### AIM OF THE EXERCISE
In the material below, find the line with "#1 power drill [869, 553, 1159, 834]" and the line with "#10 slotted spoon [978, 692, 1018, 707]", then output those two lines and every line between them, exactly.

..............................

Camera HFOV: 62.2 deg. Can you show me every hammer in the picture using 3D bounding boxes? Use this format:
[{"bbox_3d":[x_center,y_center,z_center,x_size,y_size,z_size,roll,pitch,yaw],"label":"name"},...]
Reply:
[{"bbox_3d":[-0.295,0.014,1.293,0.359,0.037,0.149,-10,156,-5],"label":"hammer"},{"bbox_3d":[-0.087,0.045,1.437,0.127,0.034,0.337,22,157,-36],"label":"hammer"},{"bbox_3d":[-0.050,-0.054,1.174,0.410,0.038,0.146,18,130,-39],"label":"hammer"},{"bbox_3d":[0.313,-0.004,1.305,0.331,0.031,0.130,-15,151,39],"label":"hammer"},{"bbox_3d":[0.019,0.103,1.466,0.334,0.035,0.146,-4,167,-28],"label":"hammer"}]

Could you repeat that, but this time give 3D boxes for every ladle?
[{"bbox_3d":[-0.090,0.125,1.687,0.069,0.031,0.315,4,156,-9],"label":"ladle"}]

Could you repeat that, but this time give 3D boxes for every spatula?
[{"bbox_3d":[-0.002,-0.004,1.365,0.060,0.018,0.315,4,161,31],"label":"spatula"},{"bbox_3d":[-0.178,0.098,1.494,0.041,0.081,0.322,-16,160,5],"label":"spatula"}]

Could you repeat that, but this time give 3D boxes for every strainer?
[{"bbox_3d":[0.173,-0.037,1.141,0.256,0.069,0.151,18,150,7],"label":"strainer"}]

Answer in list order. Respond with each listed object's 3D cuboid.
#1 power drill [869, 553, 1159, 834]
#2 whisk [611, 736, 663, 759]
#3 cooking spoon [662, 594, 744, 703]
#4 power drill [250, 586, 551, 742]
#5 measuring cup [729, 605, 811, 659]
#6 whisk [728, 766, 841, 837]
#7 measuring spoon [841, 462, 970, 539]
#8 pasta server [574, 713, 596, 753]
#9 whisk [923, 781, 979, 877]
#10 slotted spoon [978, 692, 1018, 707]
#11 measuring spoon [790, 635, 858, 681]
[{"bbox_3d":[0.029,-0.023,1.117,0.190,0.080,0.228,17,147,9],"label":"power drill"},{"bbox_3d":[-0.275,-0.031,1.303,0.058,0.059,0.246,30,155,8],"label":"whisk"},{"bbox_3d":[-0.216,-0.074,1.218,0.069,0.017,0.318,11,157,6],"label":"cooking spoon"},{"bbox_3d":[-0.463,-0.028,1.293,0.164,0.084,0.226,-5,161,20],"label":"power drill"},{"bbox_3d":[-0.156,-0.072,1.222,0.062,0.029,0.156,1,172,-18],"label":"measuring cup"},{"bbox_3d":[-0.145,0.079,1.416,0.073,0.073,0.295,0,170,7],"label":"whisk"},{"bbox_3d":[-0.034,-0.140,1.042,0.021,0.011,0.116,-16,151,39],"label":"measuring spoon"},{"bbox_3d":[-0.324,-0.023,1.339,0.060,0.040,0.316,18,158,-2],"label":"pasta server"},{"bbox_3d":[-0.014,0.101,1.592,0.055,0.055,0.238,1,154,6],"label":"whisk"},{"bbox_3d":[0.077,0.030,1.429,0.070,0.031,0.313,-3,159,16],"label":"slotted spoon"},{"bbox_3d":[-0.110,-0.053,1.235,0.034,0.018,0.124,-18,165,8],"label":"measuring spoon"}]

..............................

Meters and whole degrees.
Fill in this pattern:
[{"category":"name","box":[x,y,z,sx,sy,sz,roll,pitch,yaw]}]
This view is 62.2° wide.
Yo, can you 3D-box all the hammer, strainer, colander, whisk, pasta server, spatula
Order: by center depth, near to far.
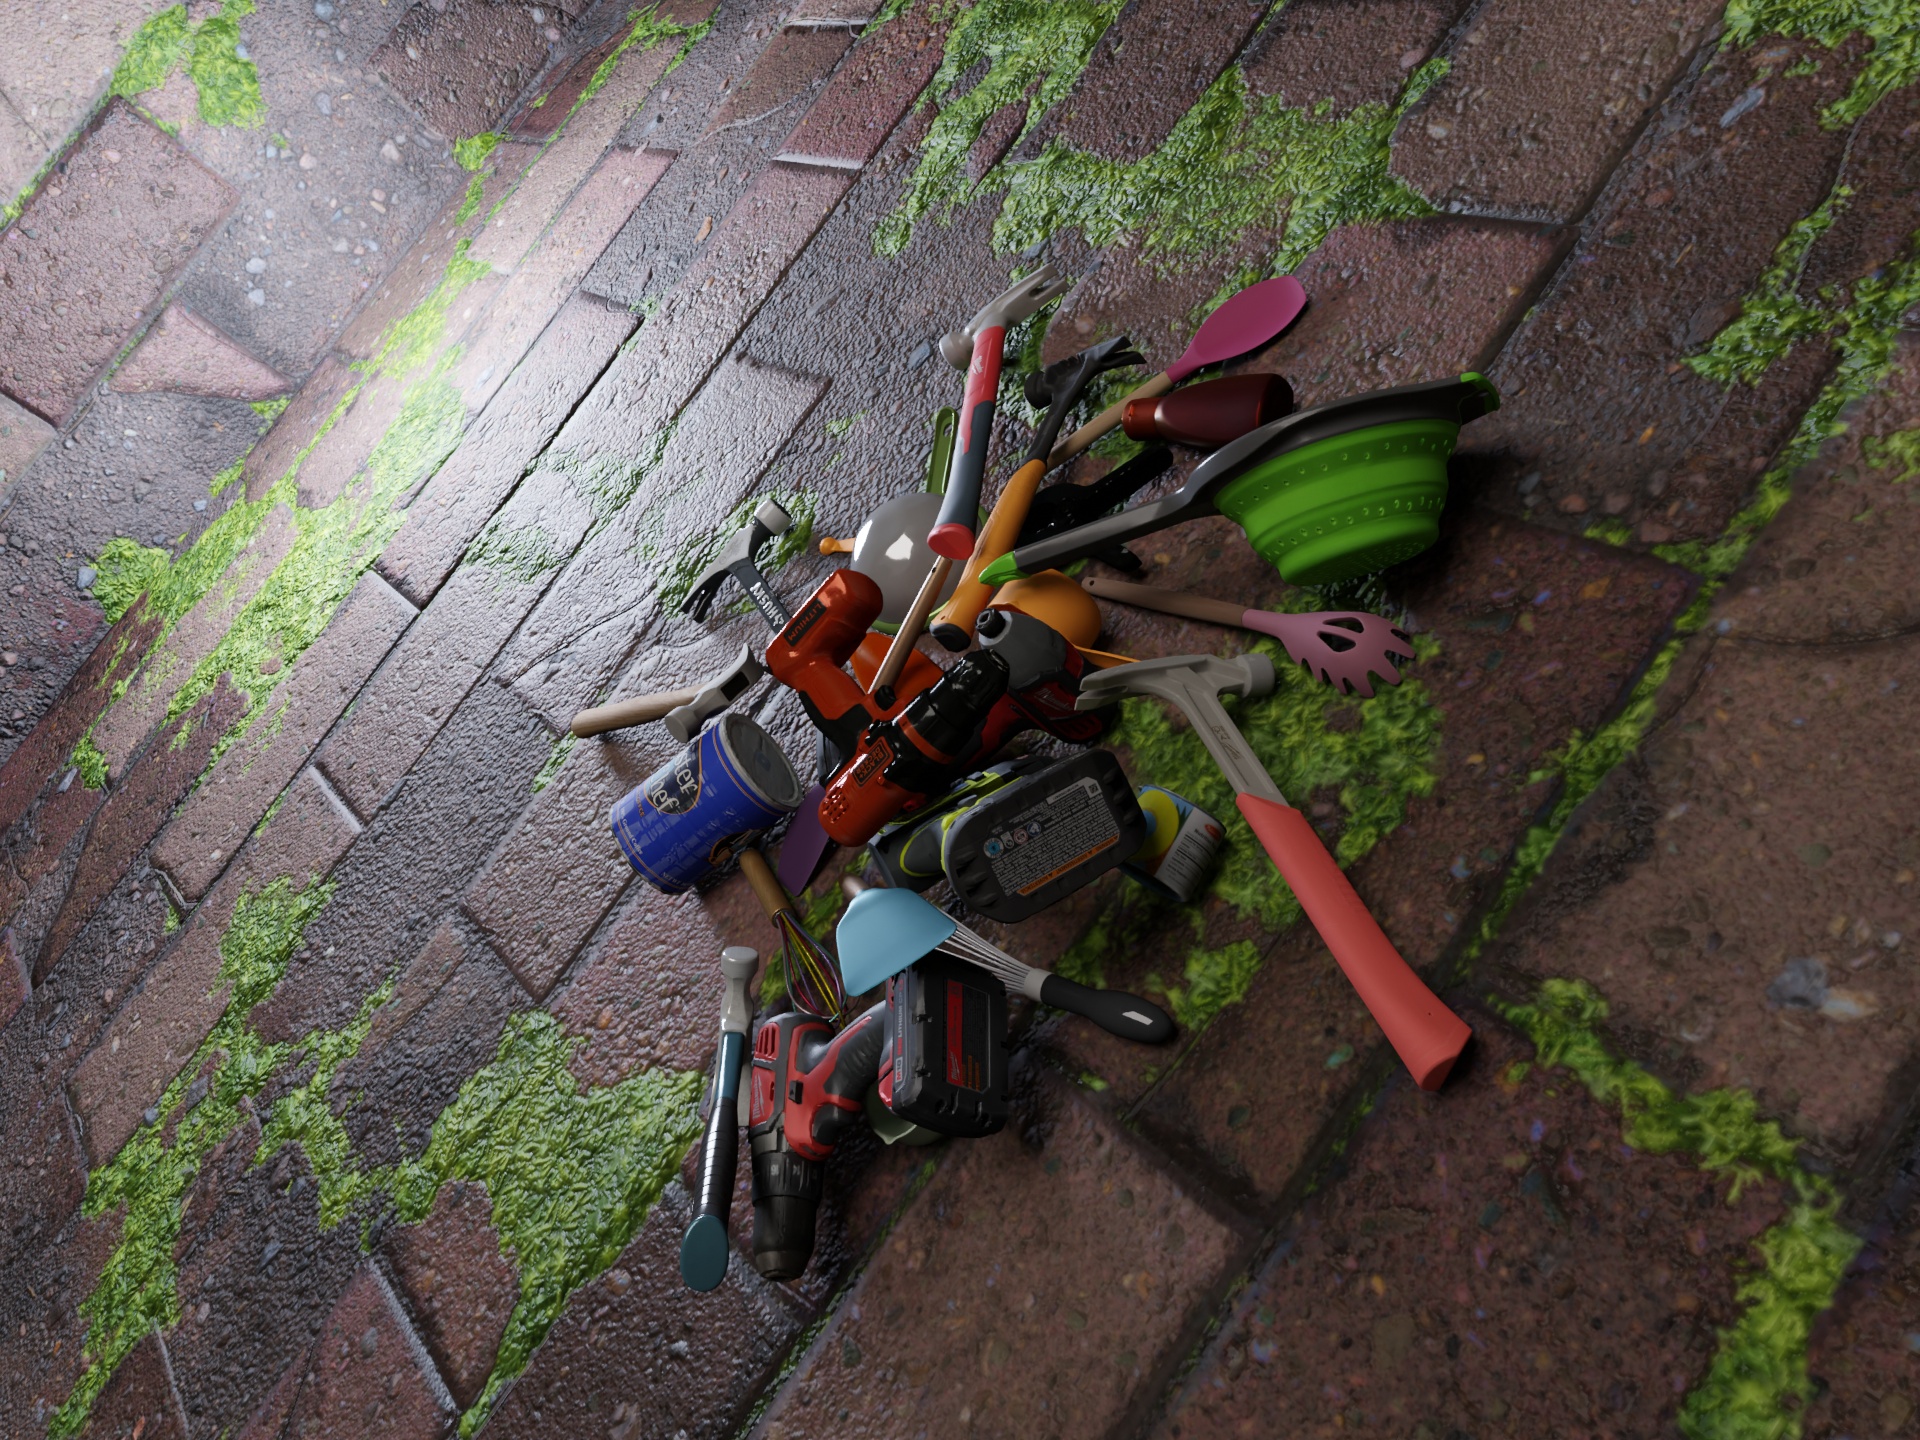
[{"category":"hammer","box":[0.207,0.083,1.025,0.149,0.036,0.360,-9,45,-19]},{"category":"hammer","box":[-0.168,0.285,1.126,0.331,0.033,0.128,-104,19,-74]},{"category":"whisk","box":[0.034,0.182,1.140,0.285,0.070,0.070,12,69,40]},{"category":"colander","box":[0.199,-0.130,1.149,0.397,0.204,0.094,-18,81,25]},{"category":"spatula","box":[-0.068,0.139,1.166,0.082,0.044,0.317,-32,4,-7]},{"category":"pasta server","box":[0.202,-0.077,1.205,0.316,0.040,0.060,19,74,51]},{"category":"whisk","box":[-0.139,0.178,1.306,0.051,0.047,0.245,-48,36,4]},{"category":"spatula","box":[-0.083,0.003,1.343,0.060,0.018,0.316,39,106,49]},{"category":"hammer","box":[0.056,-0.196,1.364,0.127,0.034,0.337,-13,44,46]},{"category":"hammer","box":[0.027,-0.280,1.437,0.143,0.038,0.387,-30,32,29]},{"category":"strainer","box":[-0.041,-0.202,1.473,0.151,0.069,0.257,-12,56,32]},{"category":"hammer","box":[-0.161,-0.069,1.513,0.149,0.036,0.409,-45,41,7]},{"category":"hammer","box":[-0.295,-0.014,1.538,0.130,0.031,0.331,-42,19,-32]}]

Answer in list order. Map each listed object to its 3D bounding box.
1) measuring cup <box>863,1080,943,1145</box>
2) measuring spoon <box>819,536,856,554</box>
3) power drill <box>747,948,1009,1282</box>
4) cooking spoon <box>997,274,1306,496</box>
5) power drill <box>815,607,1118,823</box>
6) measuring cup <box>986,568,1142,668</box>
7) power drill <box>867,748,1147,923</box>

..............................

### RESPONSE TO THIS TASK
#1 power drill [869, 553, 1159, 834]
#2 whisk [611, 736, 663, 759]
#3 cooking spoon [662, 594, 744, 703]
#4 power drill [250, 586, 551, 742]
#5 measuring cup [729, 605, 811, 659]
#6 whisk [728, 766, 841, 837]
#7 measuring spoon [841, 462, 970, 539]
#8 pasta server [574, 713, 596, 753]
#9 whisk [923, 781, 979, 877]
#10 slotted spoon [978, 692, 1018, 707]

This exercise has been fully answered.